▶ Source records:
◆ ◆ ◆
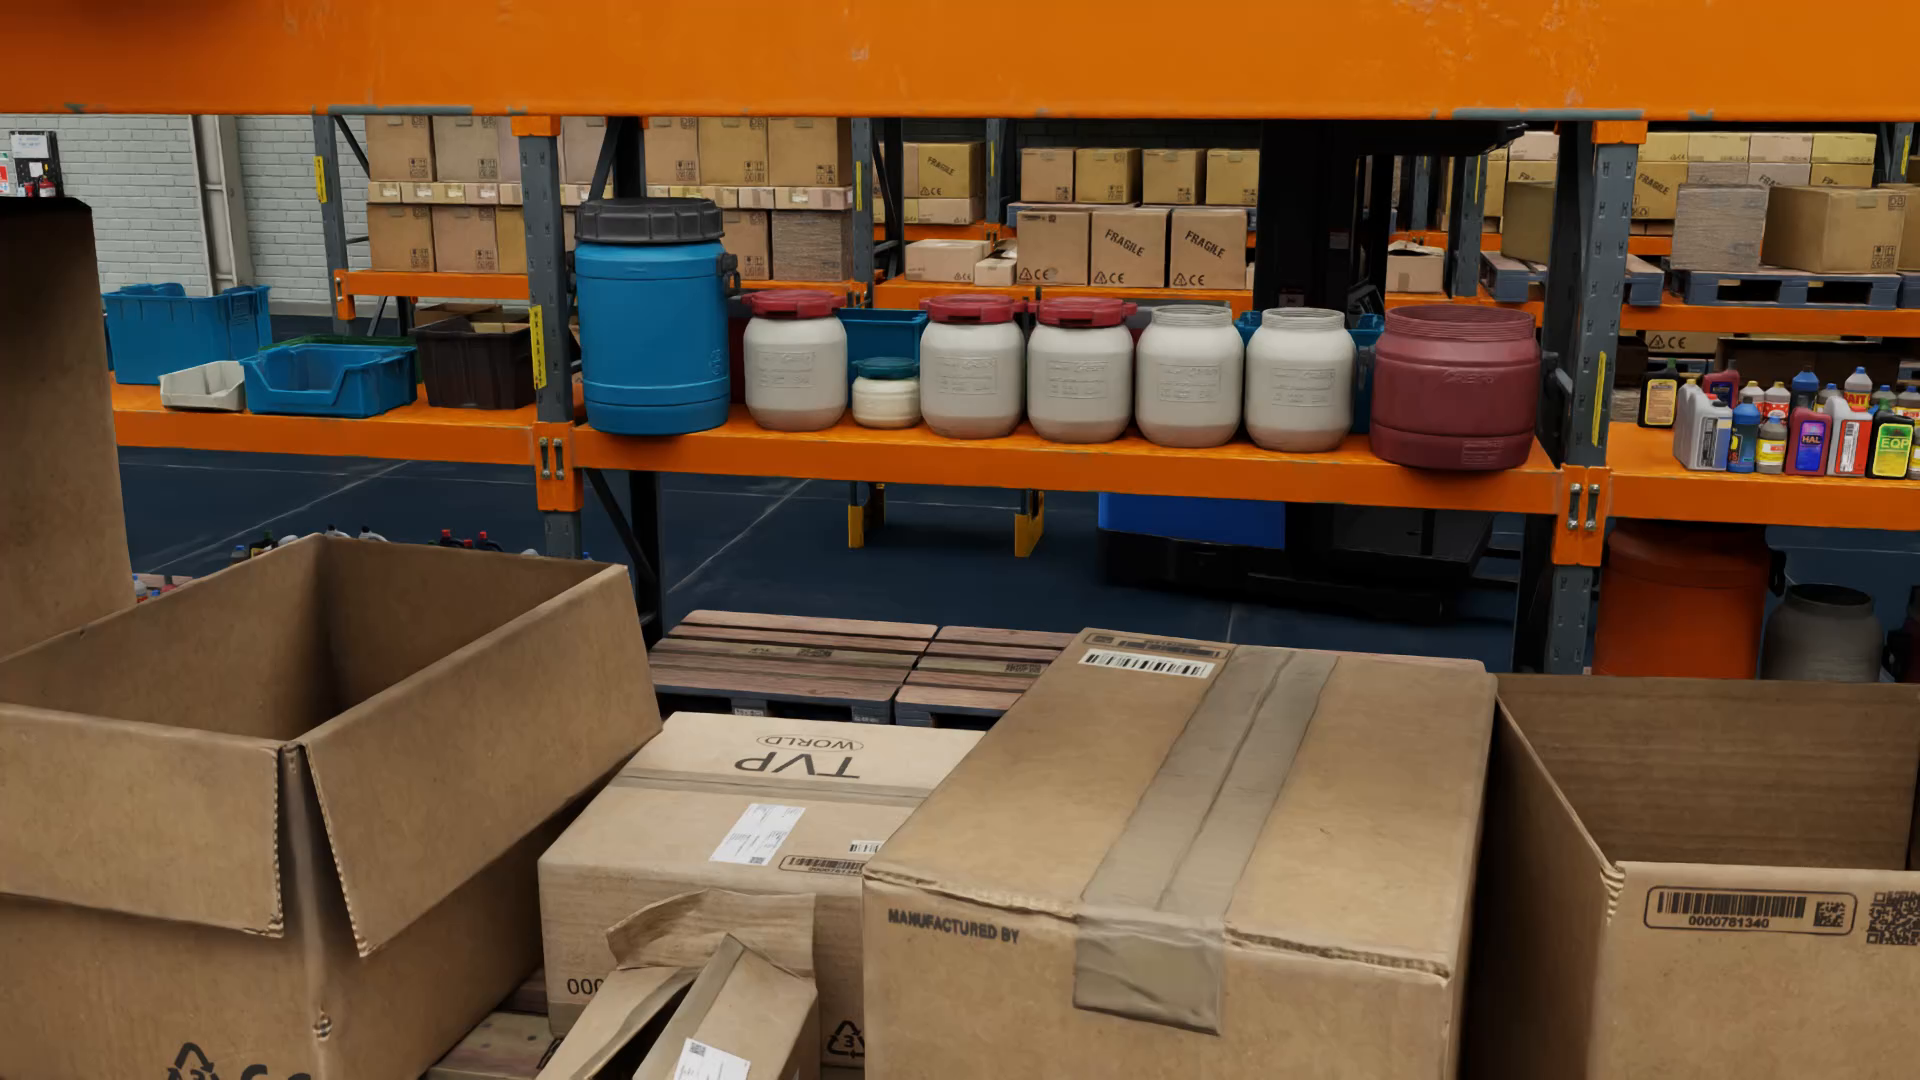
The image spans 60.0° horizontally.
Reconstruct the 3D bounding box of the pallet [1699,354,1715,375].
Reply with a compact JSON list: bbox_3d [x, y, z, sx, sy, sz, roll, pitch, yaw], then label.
[{"bbox_3d":[7.480,-1.622,15.452,1.213,0.211,1.003,3,16,11],"label":"pallet"}]

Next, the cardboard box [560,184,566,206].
[{"bbox_3d":[-2.887,-2.502,12.004,0.250,0.149,0.380,3,16,10],"label":"cardboard box"}]

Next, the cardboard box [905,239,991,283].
[{"bbox_3d":[-0.080,-1.987,11.827,0.500,0.250,0.500,4,16,15],"label":"cardboard box"}]

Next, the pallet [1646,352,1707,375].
[{"bbox_3d":[6.281,-1.686,15.684,1.213,0.211,1.003,3,16,11],"label":"pallet"}]

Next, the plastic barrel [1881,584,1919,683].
[{"bbox_3d":[3.947,0.476,6.386,0.708,0.588,0.600,3,16,11],"label":"plastic barrel"}]

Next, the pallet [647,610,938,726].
[{"bbox_3d":[-0.785,0.597,7.441,1.213,0.211,1.003,3,16,11],"label":"pallet"}]

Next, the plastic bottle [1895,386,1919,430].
[{"bbox_3d":[3.747,-0.506,6.571,0.097,0.201,0.097,0,15,0],"label":"plastic bottle"}]

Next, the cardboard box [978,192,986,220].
[{"bbox_3d":[-0.006,-3.388,16.849,0.500,0.250,0.500,3,16,12],"label":"cardboard box"}]

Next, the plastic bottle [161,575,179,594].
[{"bbox_3d":[-3.549,0.301,7.552,0.133,0.283,0.061,3,16,12],"label":"plastic bottle"}]

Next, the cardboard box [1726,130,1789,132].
[{"bbox_3d":[7.339,-3.626,15.275,0.500,0.250,0.500,3,16,12],"label":"cardboard box"}]

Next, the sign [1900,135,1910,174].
[{"bbox_3d":[8.153,-3.322,14.344,0.005,0.325,0.100,3,16,11],"label":"sign"}]

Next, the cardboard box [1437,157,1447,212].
[{"bbox_3d":[4.847,-3.402,15.873,0.500,0.500,0.500,3,16,11],"label":"cardboard box"}]

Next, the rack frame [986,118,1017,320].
[{"bbox_3d":[0.412,-3.370,16.539,0.127,3.000,1.000,3,16,11],"label":"rack frame"}]

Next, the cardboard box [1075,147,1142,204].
[{"bbox_3d":[1.450,-3.563,16.223,0.500,0.500,0.700,5,16,17],"label":"cardboard box"}]

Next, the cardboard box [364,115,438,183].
[{"bbox_3d":[-3.984,-2.929,12.330,0.500,0.500,0.700,3,16,11],"label":"cardboard box"}]

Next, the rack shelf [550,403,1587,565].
[{"bbox_3d":[0.398,-0.325,6.895,4.000,0.370,1.077,3,16,11],"label":"rack shelf"}]

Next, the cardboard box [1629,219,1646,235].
[{"bbox_3d":[6.114,-2.889,15.235,0.250,0.149,0.380,3,16,11],"label":"cardboard box"}]

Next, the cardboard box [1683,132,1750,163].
[{"bbox_3d":[6.744,-3.522,14.900,0.500,0.250,0.500,3,16,12],"label":"cardboard box"}]

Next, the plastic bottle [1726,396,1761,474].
[{"bbox_3d":[2.825,-0.383,5.995,0.097,0.271,0.097,0,15,0],"label":"plastic bottle"}]

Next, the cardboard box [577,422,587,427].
[{"bbox_3d":[-2.540,-0.997,12.337,0.500,0.250,0.500,3,16,11],"label":"cardboard box"}]

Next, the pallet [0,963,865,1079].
[{"bbox_3d":[-0.577,0.728,2.104,1.213,0.211,1.003,3,16,11],"label":"pallet"}]

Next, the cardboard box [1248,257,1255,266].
[{"bbox_3d":[3.070,-2.597,16.203,0.500,0.250,0.500,3,16,12],"label":"cardboard box"}]

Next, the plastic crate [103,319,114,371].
[{"bbox_3d":[-4.297,-0.935,8.027,0.408,0.251,0.499,3,16,11],"label":"plastic crate"}]

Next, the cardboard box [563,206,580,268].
[{"bbox_3d":[-2.519,-2.225,12.218,0.500,0.500,0.700,4,16,13],"label":"cardboard box"}]

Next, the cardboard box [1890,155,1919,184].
[{"bbox_3d":[8.780,-3.056,14.843,0.700,0.700,0.980,3,16,12],"label":"cardboard box"}]

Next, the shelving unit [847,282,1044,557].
[{"bbox_3d":[-0.075,-0.727,9.806,1.083,1.500,0.587,3,16,11],"label":"shelving unit"}]

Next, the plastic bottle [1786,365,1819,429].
[{"bbox_3d":[3.365,-0.560,6.636,0.097,0.271,0.097,0,15,0],"label":"plastic bottle"}]

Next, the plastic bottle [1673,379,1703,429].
[{"bbox_3d":[2.948,-0.549,6.727,0.097,0.201,0.097,0,15,0],"label":"plastic bottle"}]

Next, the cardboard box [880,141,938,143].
[{"bbox_3d":[-0.513,-3.777,16.847,0.500,0.500,0.500,3,16,11],"label":"cardboard box"}]

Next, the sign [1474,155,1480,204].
[{"bbox_3d":[3.241,-2.274,10.413,0.005,0.325,0.100,3,16,11],"label":"sign"}]

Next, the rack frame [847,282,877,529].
[{"bbox_3d":[-0.582,-0.754,9.906,0.032,1.500,0.500,3,16,11],"label":"rack frame"}]

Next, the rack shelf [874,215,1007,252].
[{"bbox_3d":[-1.548,-3.130,17.019,4.000,0.370,1.077,3,16,11],"label":"rack shelf"}]

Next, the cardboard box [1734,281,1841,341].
[{"bbox_3d":[7.589,-2.111,15.236,0.750,0.750,0.750,3,16,12],"label":"cardboard box"}]

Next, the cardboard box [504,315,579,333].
[{"bbox_3d":[-3.027,-1.389,12.348,0.500,0.500,0.500,3,16,11],"label":"cardboard box"}]

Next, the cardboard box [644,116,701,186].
[{"bbox_3d":[-1.994,-2.823,11.945,0.500,0.500,0.700,3,16,11],"label":"cardboard box"}]

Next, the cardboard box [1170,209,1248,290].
[{"bbox_3d":[1.701,-1.994,11.385,0.500,0.500,0.500,2,16,8],"label":"cardboard box"}]

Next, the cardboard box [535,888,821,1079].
[{"bbox_3d":[-0.317,0.574,1.764,0.258,0.266,0.396,3,16,10],"label":"cardboard box"}]

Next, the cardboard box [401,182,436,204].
[{"bbox_3d":[-3.890,-2.557,12.201,0.250,0.149,0.380,3,16,10],"label":"cardboard box"}]

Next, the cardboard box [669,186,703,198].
[{"bbox_3d":[-1.877,-2.448,11.807,0.250,0.149,0.380,3,16,11],"label":"cardboard box"}]

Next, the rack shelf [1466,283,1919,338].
[{"bbox_3d":[5.308,-1.408,10.804,4.000,0.370,1.077,3,16,11],"label":"rack shelf"}]

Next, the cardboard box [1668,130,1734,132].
[{"bbox_3d":[6.846,-3.651,15.367,0.500,0.250,0.500,3,16,9],"label":"cardboard box"}]

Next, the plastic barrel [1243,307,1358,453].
[{"bbox_3d":[1.307,-0.618,6.396,0.421,0.512,0.421,0,15,0],"label":"plastic barrel"}]

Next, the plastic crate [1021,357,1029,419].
[{"bbox_3d":[0.201,-0.657,7.143,0.662,0.188,0.450,3,16,11],"label":"plastic crate"}]

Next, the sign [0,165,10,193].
[{"bbox_3d":[-11.464,-4.306,19.851,0.234,0.329,0.001,3,16,11],"label":"sign"}]

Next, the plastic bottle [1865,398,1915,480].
[{"bbox_3d":[3.293,-0.358,5.884,0.133,0.283,0.061,3,16,11],"label":"plastic bottle"}]

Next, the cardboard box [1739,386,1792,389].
[{"bbox_3d":[5.334,-0.826,11.214,0.500,0.500,0.500,3,16,9],"label":"cardboard box"}]

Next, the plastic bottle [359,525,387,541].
[{"bbox_3d":[-2.872,0.102,8.143,0.185,0.351,0.144,3,16,11],"label":"plastic bottle"}]

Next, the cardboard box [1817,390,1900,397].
[{"bbox_3d":[5.753,-0.662,10.622,0.500,0.500,0.500,3,16,12],"label":"cardboard box"}]

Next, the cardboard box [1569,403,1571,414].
[{"bbox_3d":[3.737,-0.770,11.010,0.500,0.500,0.500,4,16,13],"label":"cardboard box"}]

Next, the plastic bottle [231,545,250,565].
[{"bbox_3d":[-3.595,0.128,8.327,0.097,0.201,0.097,0,15,0],"label":"plastic bottle"}]

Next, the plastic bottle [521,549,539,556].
[{"bbox_3d":[-2.109,0.181,7.999,0.135,0.276,0.152,4,16,13],"label":"plastic bottle"}]

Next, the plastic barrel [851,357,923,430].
[{"bbox_3d":[-0.296,-0.601,6.802,0.301,0.262,0.301,0,15,0],"label":"plastic barrel"}]

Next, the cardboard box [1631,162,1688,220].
[{"bbox_3d":[6.266,-3.183,15.082,0.500,0.500,0.500,4,16,13],"label":"cardboard box"}]

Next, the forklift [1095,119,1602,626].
[{"bbox_3d":[2.306,-1.140,8.618,3.031,2.935,1.130,7,17,23],"label":"forklift"}]

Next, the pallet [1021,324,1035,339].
[{"bbox_3d":[1.175,-1.985,16.763,1.213,0.211,1.003,3,16,11],"label":"pallet"}]

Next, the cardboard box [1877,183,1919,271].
[{"bbox_3d":[6.162,-2.003,10.629,0.500,0.500,0.700,6,16,20],"label":"cardboard box"}]

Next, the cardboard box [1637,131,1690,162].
[{"bbox_3d":[6.244,-3.549,14.997,0.500,0.250,0.500,3,16,10],"label":"cardboard box"}]

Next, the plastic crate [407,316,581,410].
[{"bbox_3d":[-2.050,-0.810,7.412,0.504,0.338,0.767,3,16,11],"label":"plastic crate"}]

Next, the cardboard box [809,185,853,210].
[{"bbox_3d":[-0.881,-2.393,11.610,0.250,0.149,0.380,3,16,11],"label":"cardboard box"}]

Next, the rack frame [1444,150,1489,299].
[{"bbox_3d":[3.348,-1.861,11.092,0.127,3.000,1.000,3,16,11],"label":"rack frame"}]
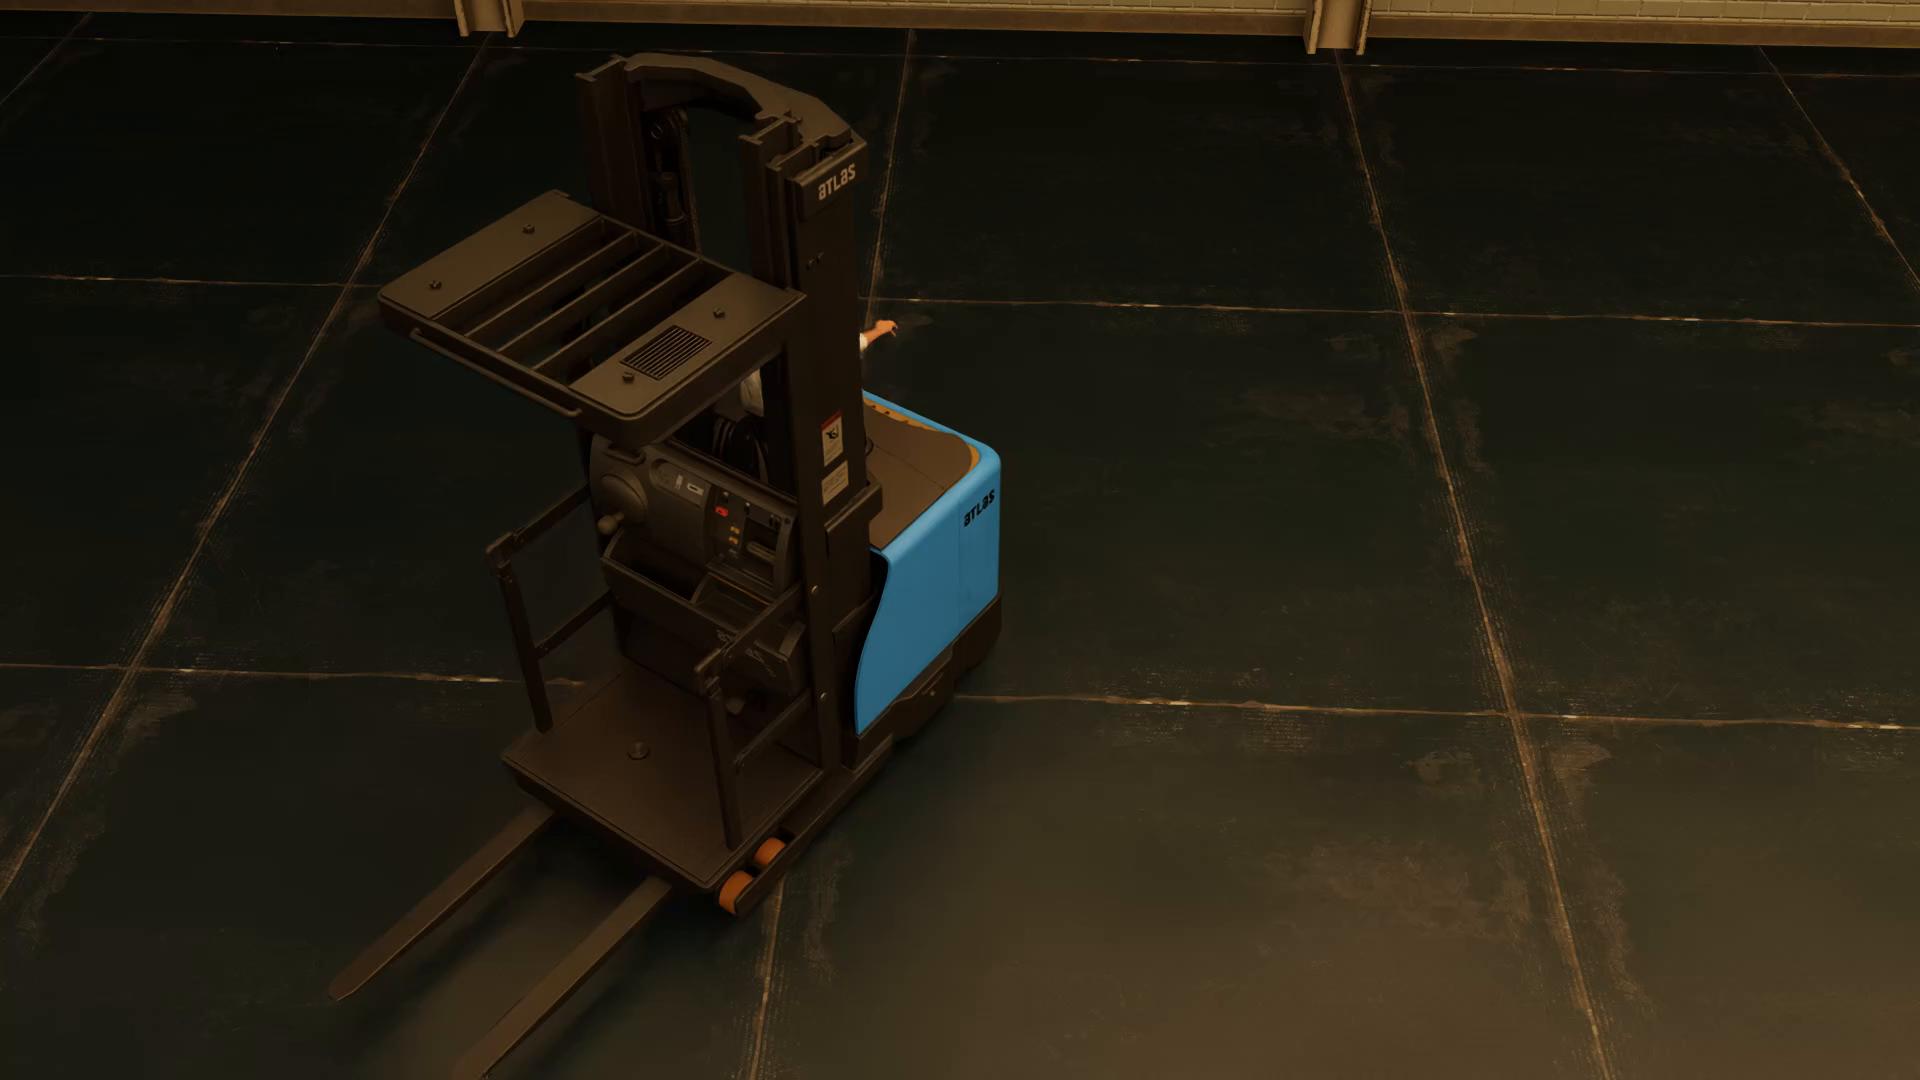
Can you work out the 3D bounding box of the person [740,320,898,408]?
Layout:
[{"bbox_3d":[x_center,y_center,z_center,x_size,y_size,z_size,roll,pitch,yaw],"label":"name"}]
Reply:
[{"bbox_3d":[-0.662,-0.742,7.749,0.758,1.387,1.034,-6,43,-7],"label":"person"}]

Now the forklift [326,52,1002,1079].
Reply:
[{"bbox_3d":[-1.082,-0.028,5.773,1.130,2.935,3.031,26,48,25],"label":"forklift"}]
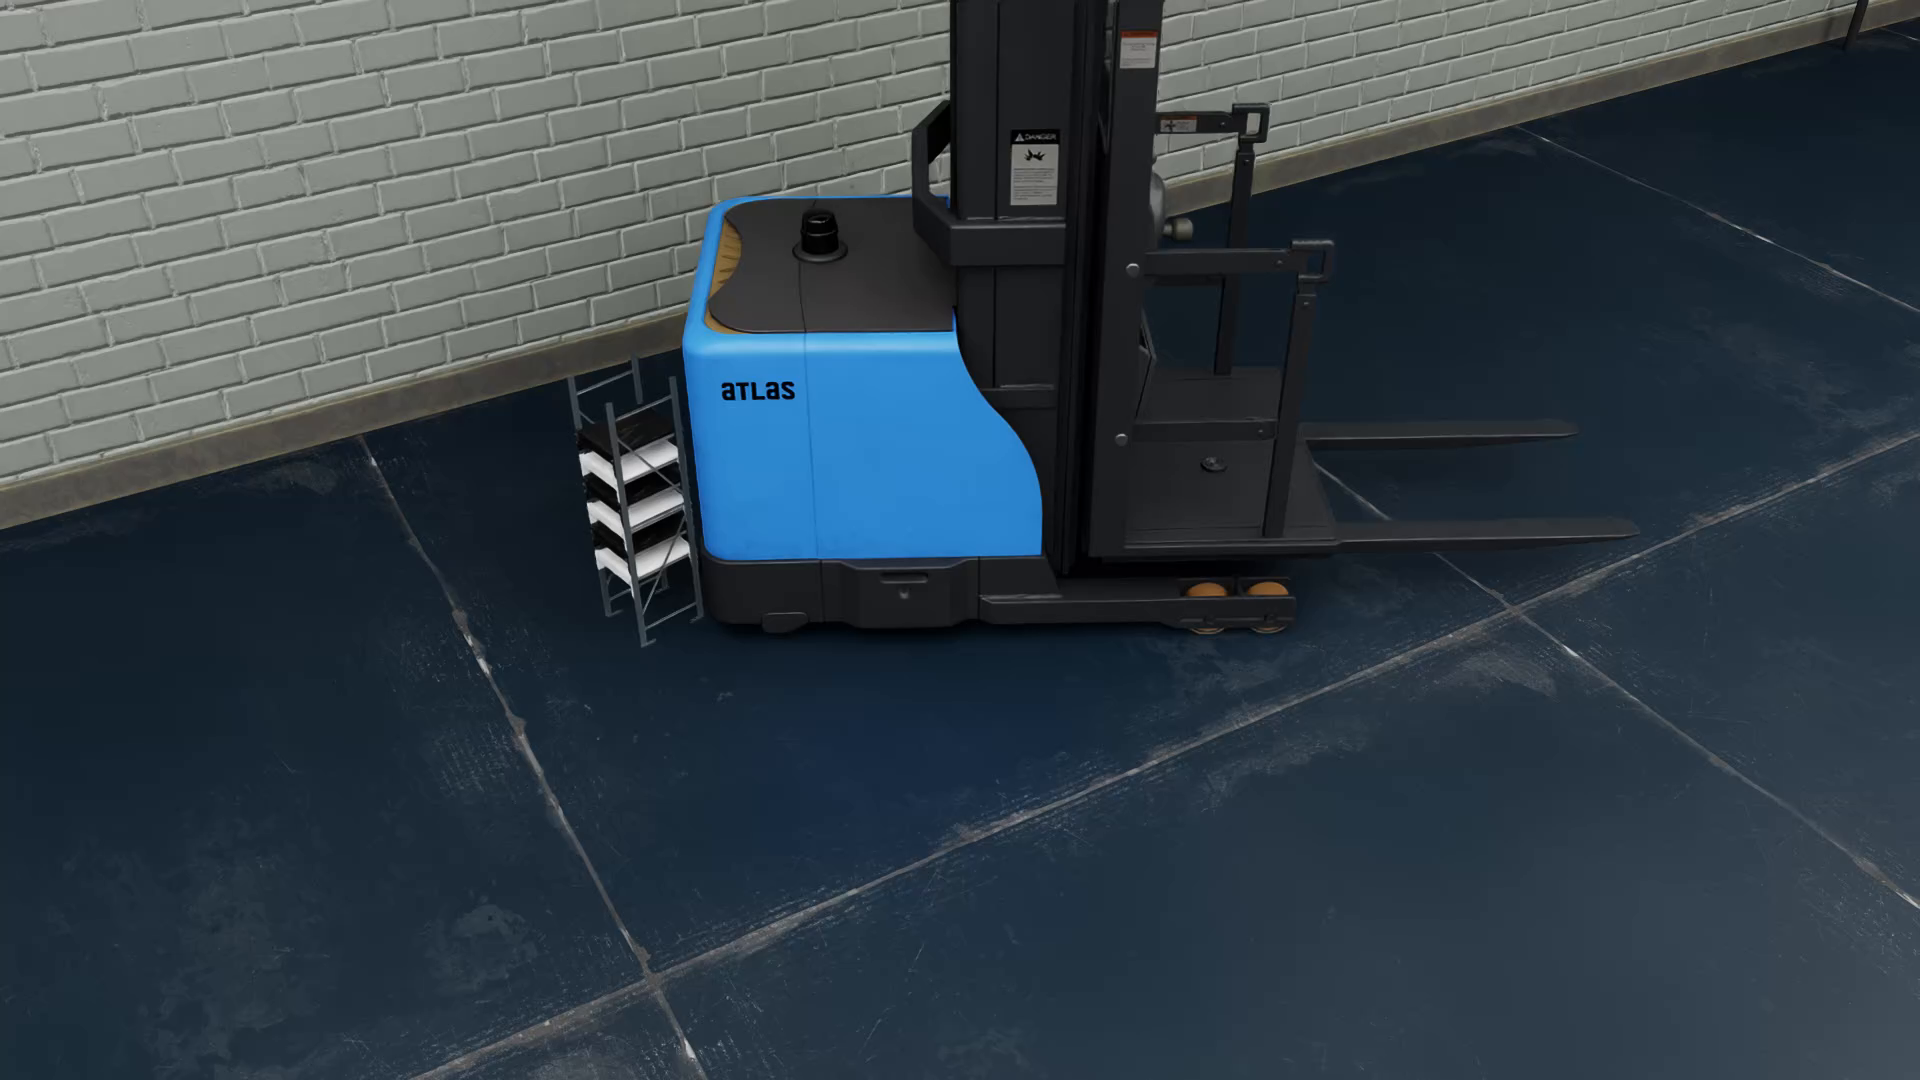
◆ ◆ ◆
▶ Aim of the task: Only the lines of the data holding the string "bounding" are wanted; copy each of them.

▶ Answer box:
Reconstruct the 3D bounding box of the pallet [1699,354,1715,375].
Can you work out the 3D bounding box of the person [740,320,898,408]?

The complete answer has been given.